If a transaction aborts it can cause a memory leak of the pages array of
a block group's io_ctl structure. The following steps explain how that can
happen:

1) Transaction N is committing, currently in state TRANS_STATE_UNBLOCKED
   and it's about to start writing out dirty extent buffers;

2) Transaction N + 1 already started and another task, task A, just called
   btrfs_commit_transaction() on it;

3) Block group B was dirtied (extents allocated from it) by transaction
   N + 1, so when task A calls btrfs_start_dirty_block_groups(), at the
   very beginning of the transaction commit, it starts writeback for the
   block group's space cache by calling btrfs_write_out_cache(), which
   allocates the pages array for the block group's io_ctl with a call to
   io_ctl_init(). Block group A is added to the io_list of transaction
   N + 1 by btrfs_start_dirty_block_groups();

4) While transaction N's commit is writing out the extent buffers, it gets
   an IO error and aborts transaction N, also setting the file system to
   RO mode;

5) Task A has already returned from btrfs_start_dirty_block_groups(), is at
   btrfs_commit_transaction() and has set transaction N + 1 state to
   TRANS_STATE_COMMIT_START. Immediately after that it checks that the
   filesystem was turned to RO mode, due to transaction N's abort, and
   jumps to the "cleanup_transaction" label. After that we end up at
   btrfs_cleanup_one_transaction() which calls btrfs_cleanup_dirty_bgs().
   That helper finds block group B in the transaction's io_list but it
   never releases the pages array of the block group's io_ctl, resulting in
   a memory leak.

In fact at the point when we are at btrfs_cleanup_dirty_bgs(), the pages
array points to pages that were already released by us at
__btrfs_write_out_cache() through the call to io_ctl_drop_pages(). We end
up freeing the pages array only after waiting for the ordered extent to
complete through btrfs_wait_cache_io(), which calls io_ctl_free() to do
that. But in the transaction abort case we don't wait for the space cache's
ordered extent to complete through a call to btrfs_wait_cache_io(), so
that's why we end up with a memory leak - we wait for the ordered extent
to complete indirectly by shutting down the work queues and waiting for
any jobs in them to complete before returning from close_ctree().

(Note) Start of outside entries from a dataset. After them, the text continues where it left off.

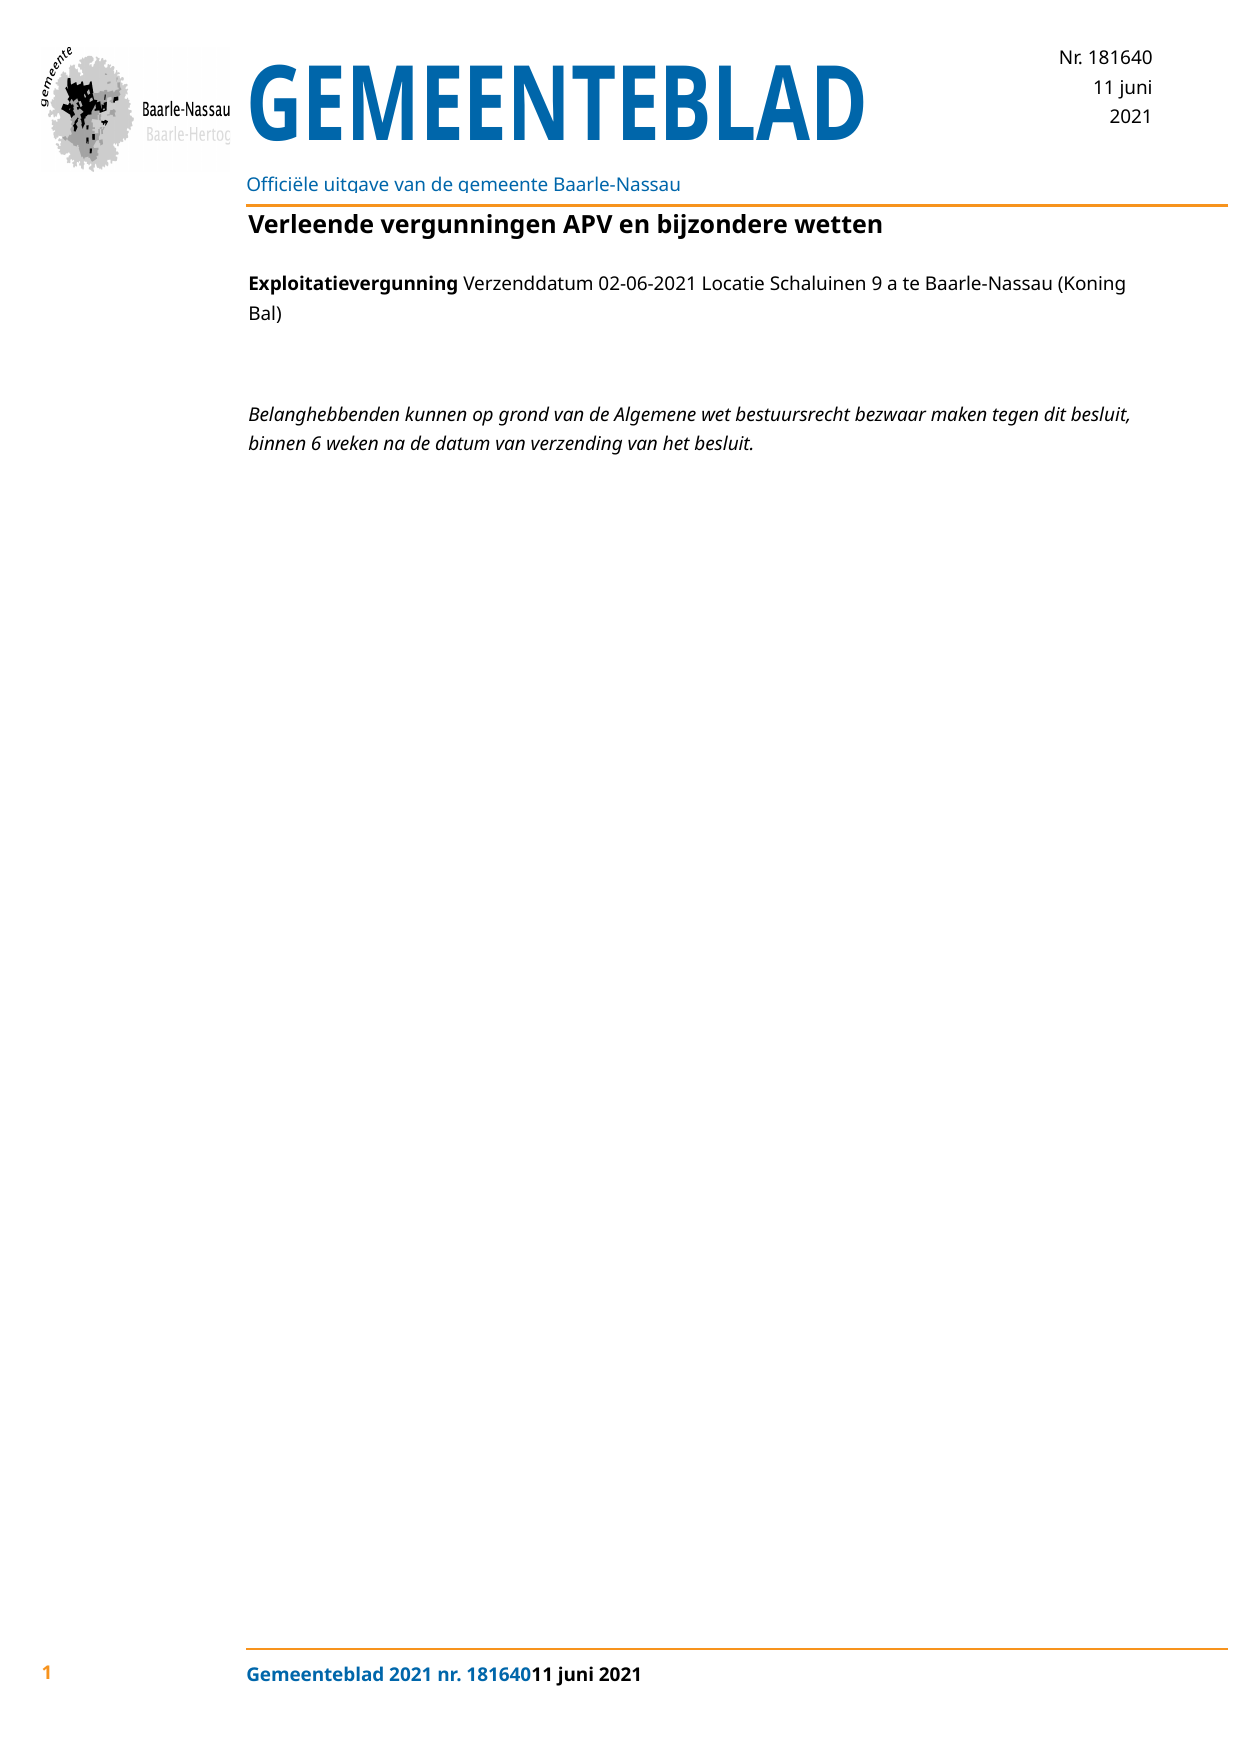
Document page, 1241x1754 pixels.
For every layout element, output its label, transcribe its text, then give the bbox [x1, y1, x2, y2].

text Belanghebbenden kunnen op grond van de Algemene wet bestuursrecht bezwaar maken tegen dit besluit, binnen 6 weken na de datum van verzending van het besluit. [248, 401, 1152, 456]
text Verleende vergunningen APV en bijzondere wetten [248, 207, 1152, 241]
text Exploitatievergunning Verzenddatum 02-06-2021 Locatie Schaluinen 9 a te Baarle-Nassau (Koning Bal) [248, 270, 1152, 326]
picture [41, 47, 231, 172]
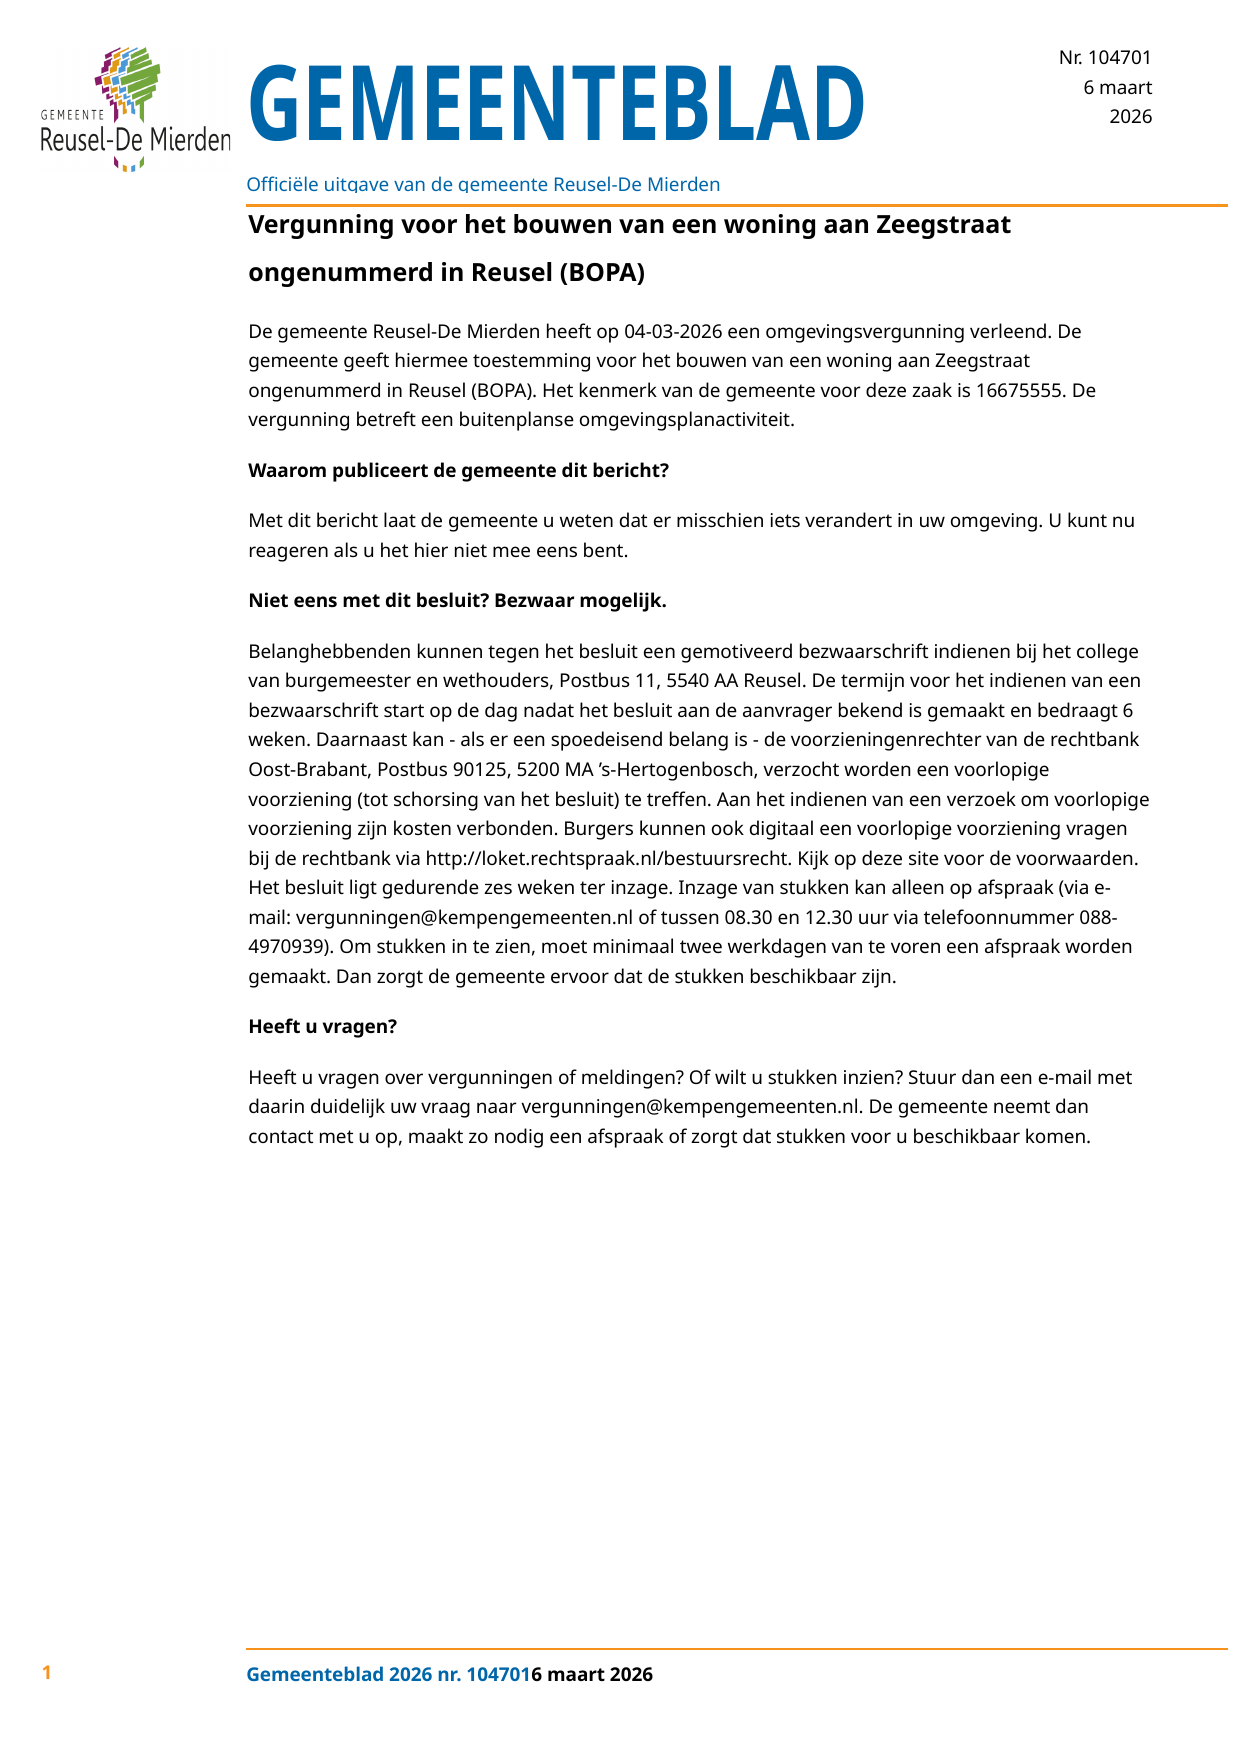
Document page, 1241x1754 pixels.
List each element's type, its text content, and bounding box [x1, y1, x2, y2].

text Heeft u vragen over vergunningen of meldingen? Of wilt u stukken inzien? Stuur dan een e-mail met daarin duidelijk uw vraag naar vergunningen@kempengemeenten.nl. De gemeente neemt dan contact met u op, maakt zo nodig een afspraak of zorgt dat stukken voor u beschikbaar komen. [248, 1064, 1152, 1149]
text Heeft u vragen? [248, 1014, 1152, 1039]
picture [41, 47, 231, 172]
text De gemeente Reusel-De Mierden heeft op 04-03-2026 een omgevingsvergunning verleend. De gemeente geeft hiermee toestemming voor het bouwen van een woning aan Zeegstraat ongenummerd in Reusel (BOPA). Het kenmerk van de gemeente voor deze zaak is 16675555. De vergunning betreft een buitenplanse omgevingsplanactiviteit. [248, 318, 1152, 432]
text Met dit bericht laat de gemeente u weten dat er misschien iets verandert in uw omgeving. U kunt nu reageren als u het hier niet mee eens bent. [248, 507, 1152, 563]
text Niet eens met dit besluit? Bezwaar mogelijk. [248, 587, 1152, 613]
text Vergunning voor het bouwen van een woning aan Zeegstraat ongenummerd in Reusel (BOPA) [248, 207, 1152, 288]
text Waarom publiceert de gemeente dit bericht? [248, 457, 1152, 483]
text Belanghebbenden kunnen tegen het besluit een gemotiveerd bezwaarschrift indienen bij het college van burgemeester en wethouders, Postbus 11, 5540 AA Reusel. De termijn voor het indienen van een bezwaarschrift start op de dag nadat het besluit aan de aanvrager bekend is gemaakt en bedraagt 6 weken. Daarnaast kan - als er een spoedeisend belang is - de voorzieningenrechter van de rechtbank Oost-Brabant, Postbus 90125, 5200 MA ’s-Hertogenbosch, verzocht worden een voorlopige voorziening (tot schorsing van het besluit) te treffen. Aan het indienen van een verzoek om voorlopige voorziening zijn kosten verbonden. Burgers kunnen ook digitaal een voorlopige voorziening vragen bij de rechtbank via http://loket.rechtspraak.nl/bestuursrecht. Kijk op deze site voor de voorwaarden. Het besluit ligt gedurende zes weken ter inzage. Inzage van stukken kan alleen op afspraak (via e-mail: vergunningen@kempengemeenten.nl of tussen 08.30 en 12.30 uur via telefoonnummer 088-4970939). Om stukken in te zien, moet minimaal twee werkdagen van te voren een afspraak worden gemaakt. Dan zorgt de gemeente ervoor dat de stukken beschikbaar zijn. [248, 638, 1152, 989]
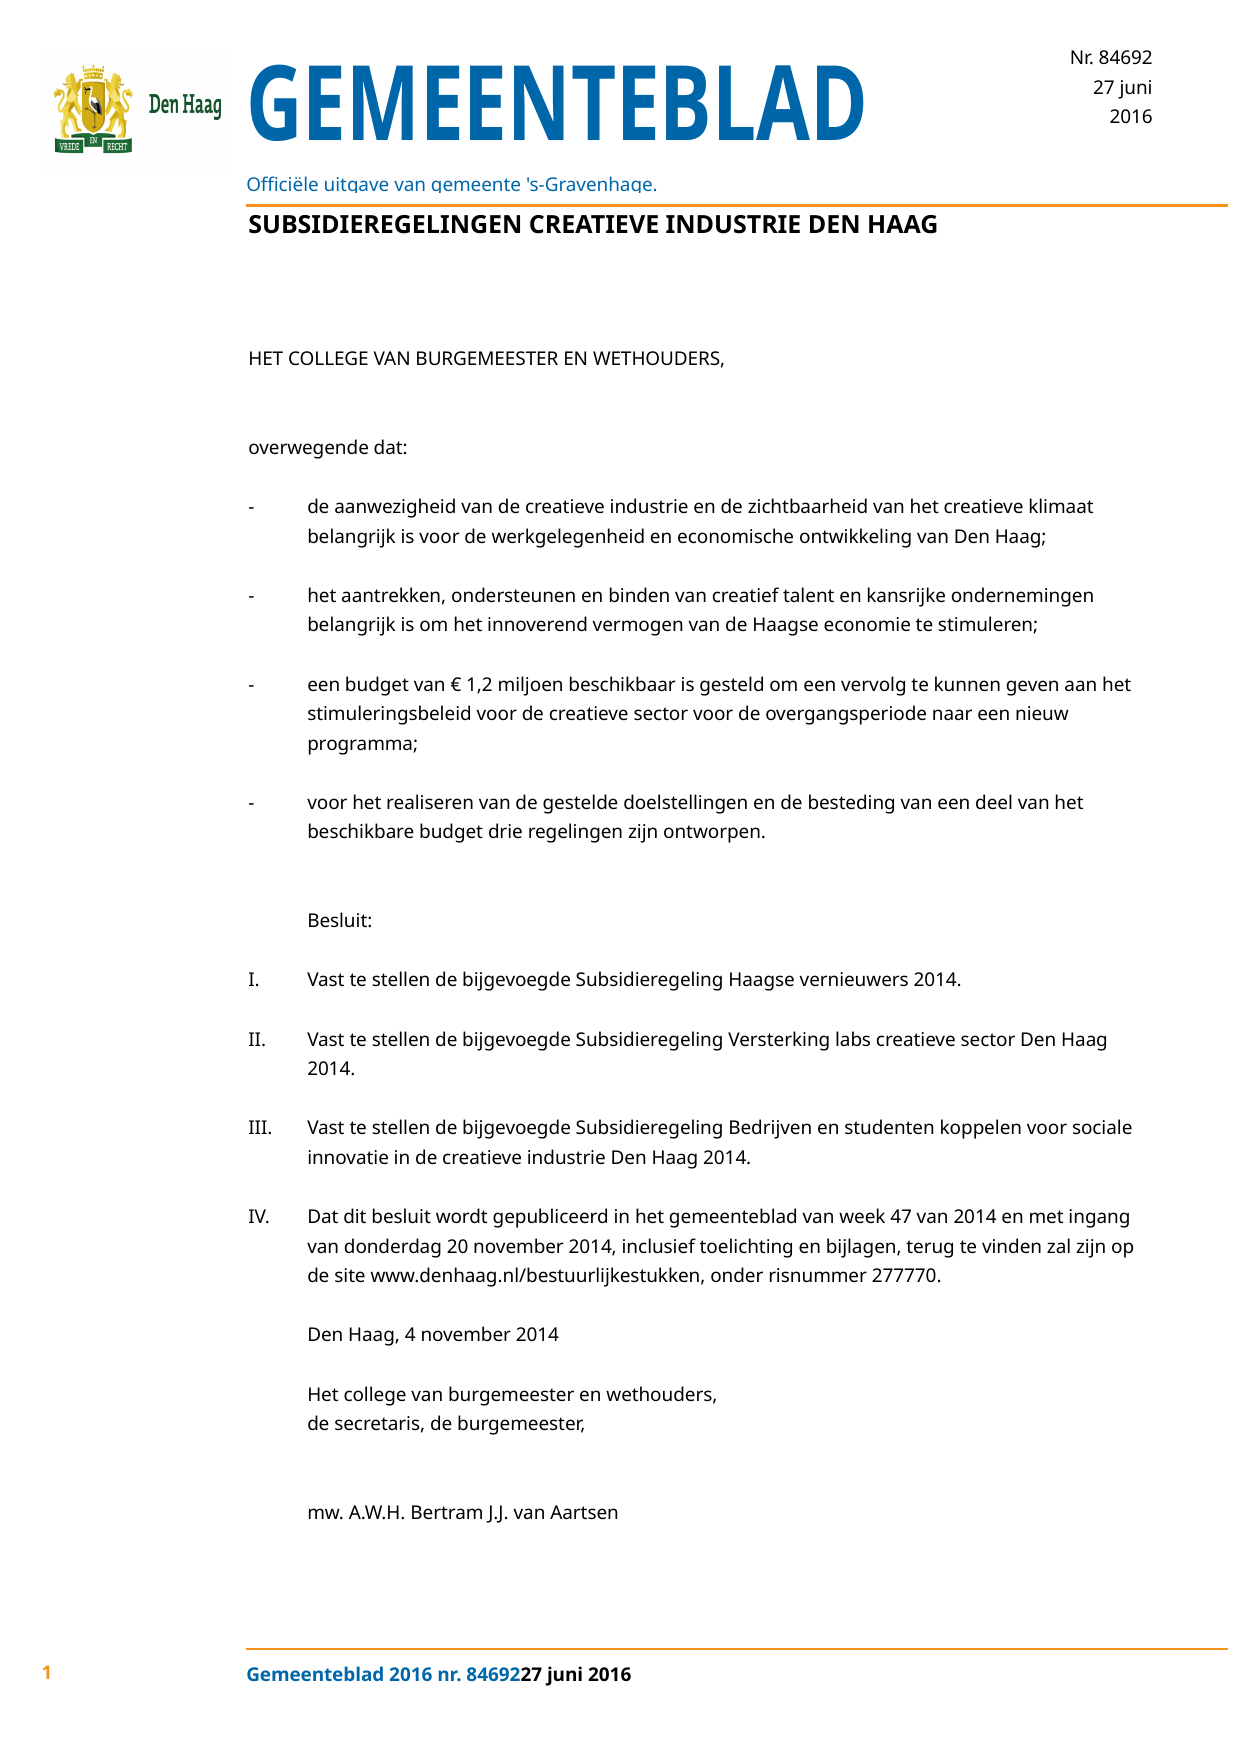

We can solve the leak simply by freeing the pages array right after
releasing the pages (with the call to io_ctl_drop_pages()) at
__btrfs_write_out_cache(), since we will never use it anymore after that
and the pages array points to already released pages at that point, which
is currently not a problem since no one will use it after that, but not a
good practice anyway since it can easily lead to use-after-free issues.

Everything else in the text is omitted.